Configuration with upstreams works perfect, but with transparent proxy it doesn't work( I tried using the non root image nginxinc/nginx-unprivileged with uid=101 different from the envoy image (uid=0)

# id
uid=101(nginx) gid=101(nginx) groups=101(nginx)

if I make a request from outside, the following logs I see into nginx

[error] 21#21: *3 upstream timed out (110: Operation timed out) while connecting to upstream, client: <client_ip>, server: , request: "GET / HTTP/1.1", upstream: "http://240.0.41.1:80/", host: "<server_ip>:28123"

if I make requests from the nginx container or from the sidecar proxy container there are no problems, as I already wrote above

It doesn't matter which reverse proxy to use and which uid to use in the container, there is a Transparent Proxy issue. At least in our cluster it is like that. You can try to run this job on your cluster.

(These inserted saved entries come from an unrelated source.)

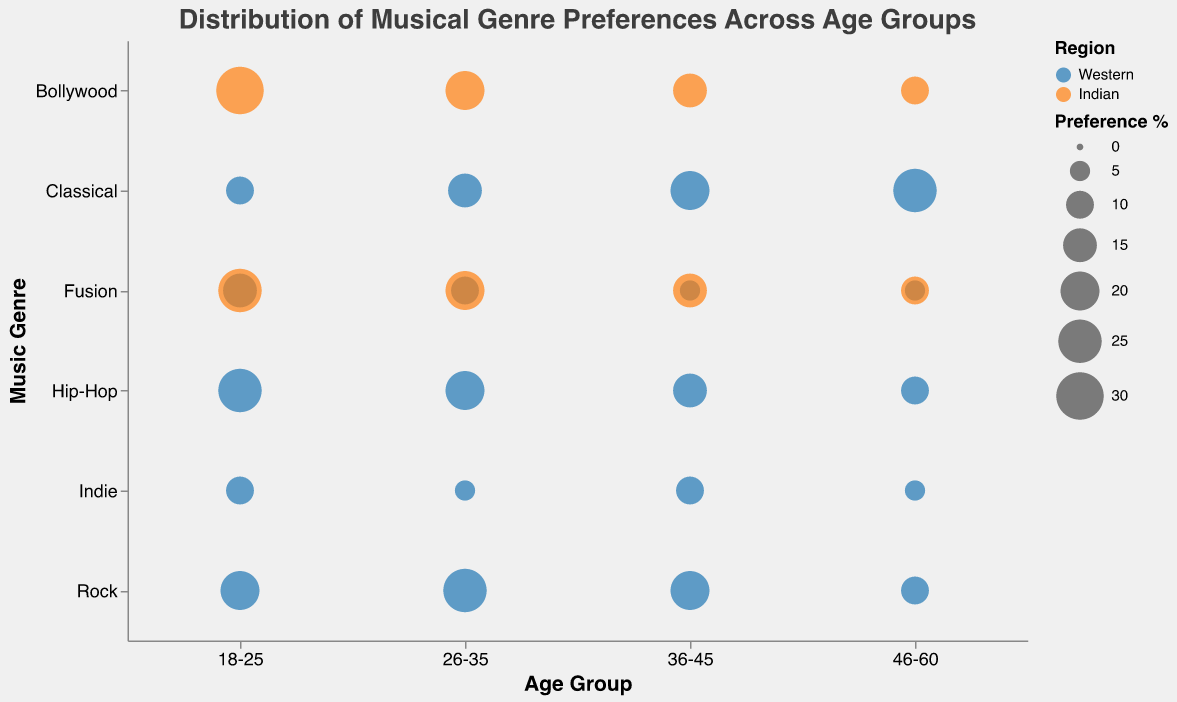What is the title of the bubble chart? The title of the bubble chart is prominently displayed at the top of the figure. It reads: "Distribution of Musical Genre Preferences Across Age Groups".
Answer: Distribution of Musical Genre Preferences Across Age Groups Which age group and musical genre has the highest preference percentage in the Indian region? Looking at the bubble sizes and noting the color representing the Indian region, the largest transparent bubble is in the 18-25 age group for Bollywood music. The size represents a 30% preference.
Answer: 18-25 age group for Bollywood In which age group do Fusion and Hip-Hop have equal preference percentages in the Western region? Observing the bubbles representing Fusion and Hip-Hop in the Western region, both genres have bubbles of the same size (5%) in the 46-60 age group.
Answer: 46-60 Which musical genre has the highest preference percentage in the 26-35 age group in the Western region? By comparing the bubble sizes for different genres in the 26-35 age group for the Western region, the largest bubble represents Rock with a 25% preference.
Answer: Rock How does the preference for Classical music change across age groups in the Western region? Starting with the 18-25 age group, the preference percentage for Classical music increases from 10% to 15% in 26-35, then to 20% in 36-45, and finally reaches 25% in 46-60.
Answer: Increases with age Compare the preference for Indie music between the Western and Indian regions across age groups. Indie music only appears in the Western region across all age groups. The percentages are 10%, 5%, 10%, and 5% for age groups 18-25, 26-35, 36-45, and 46-60 respectively. There are no bubbles for Indie in the Indian region.
Answer: Exclusive to Western region, varying percentages What is the sum of the preference percentages for Fusion across all age groups in the Indian region? Summing the percentages for Fusion in the Indian region across all age groups: 25% (18-25) + 20% (26-35) + 15% (36-45) + 10% (46-60) equals 70%.
Answer: 70% Which age group has the lowest overall preference for Fusion in both the Western and Indian regions combined? Adding up the Fusion preferences for each age group: 
18-25 (15% Western + 25% Indian) = 40%, 
26-35 (10% Western + 20% Indian) = 30%, 
36-45 (5% Western + 15% Indian) = 20%, 
46-60 (5% Western + 10% Indian) = 15%. 
The age group 46-60 has the lowest combined preference.
Answer: 46-60 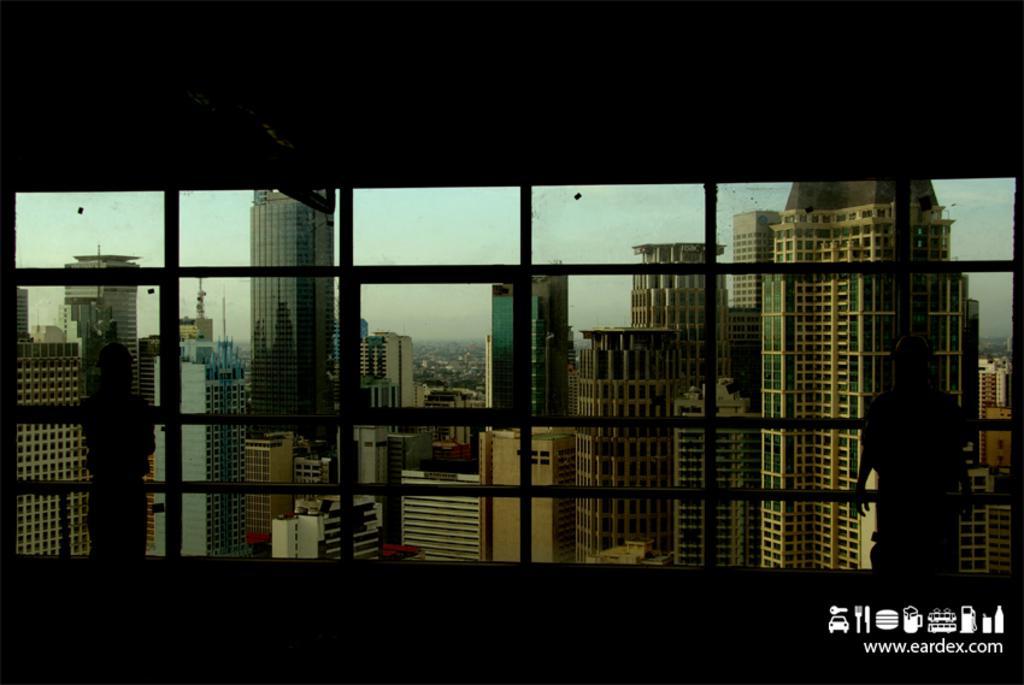How would you summarize this image in a sentence or two? As we can see in the image there are buildings, sky and a person standing on the right side. The image is little dark. 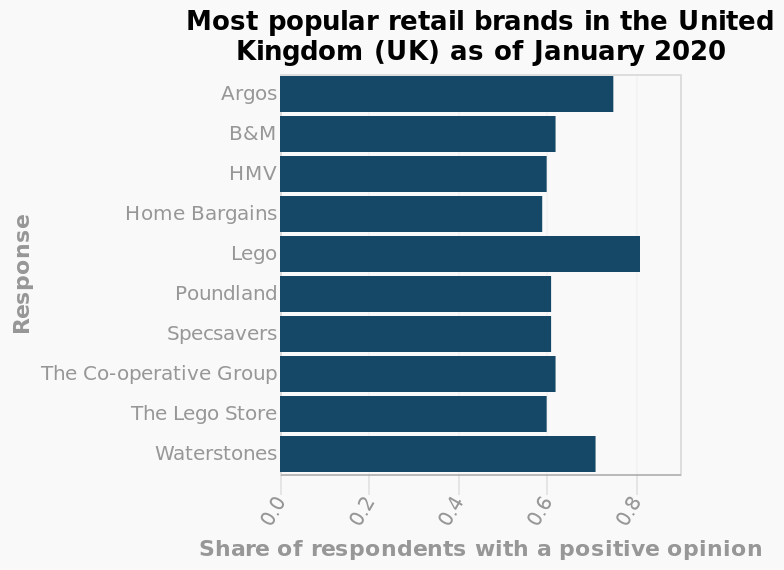<image>
please describe the details of the chart Here a is a bar chart named Most popular retail brands in the United Kingdom (UK) as of January 2020. The x-axis measures Share of respondents with a positive opinion while the y-axis measures Response. What does the y-axis measure in the bar chart?  The y-axis measures Response. What does the bar chart represent?  The bar chart represents the popularity of different retail brands in the United Kingdom (UK) as of January 2020. What is the title of the bar chart?  The title of the bar chart is "Most popular retail brands in the United Kingdom (UK) as of January 2020." Which companies have scores higher than 0.6?  Argos, Lego, and Waterstones. 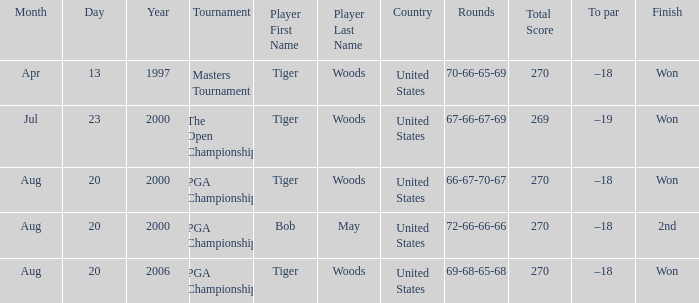What days were the rounds of 66-67-70-67 recorded? Aug 20, 2000.

ruslan-y commented 4 weeks ago

Updated Nomad to version 1.8.3. Also I've updated cni plugins to 1.5.1 version. Problem still exist.

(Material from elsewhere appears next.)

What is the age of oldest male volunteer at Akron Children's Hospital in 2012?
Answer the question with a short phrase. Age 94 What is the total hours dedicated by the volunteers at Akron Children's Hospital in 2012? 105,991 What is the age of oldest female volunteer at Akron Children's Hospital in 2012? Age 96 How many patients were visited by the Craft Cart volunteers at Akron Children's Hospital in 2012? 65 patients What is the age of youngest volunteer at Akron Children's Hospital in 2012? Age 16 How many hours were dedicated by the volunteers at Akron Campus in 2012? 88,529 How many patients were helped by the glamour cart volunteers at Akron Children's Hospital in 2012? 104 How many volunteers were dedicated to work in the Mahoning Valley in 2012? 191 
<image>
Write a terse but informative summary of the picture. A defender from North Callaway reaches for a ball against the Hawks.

tgross commented 4 weeks ago

Ok, so given the Nginx test you did, it looks like the UID rule may not be the problem. Have you verified that you've configured your Consul as described in https://developer.hashicorp.com/nomad/docs/integrations/consul/service-mesh#prerequisites (which has special requirements for transparent proxy mode)? Can you provide the Consul attributes fingerprinted by the node? (ex. run nomad node status -verbose $nodeid | grep consul)

You can try to run this job on your cluster.

If you want me to run a job in my development cluster, it needs to be a minimal reproduction. Ex. to run this job I have to configure a Vault workload identity, auth method, etc. And you're overriding the sidecar task in ways that don't appear to be related to the problem.

Updated Nomad to version 1.8.3. Also I've updated cni plugins to 1.5.1 version. Problem still exist.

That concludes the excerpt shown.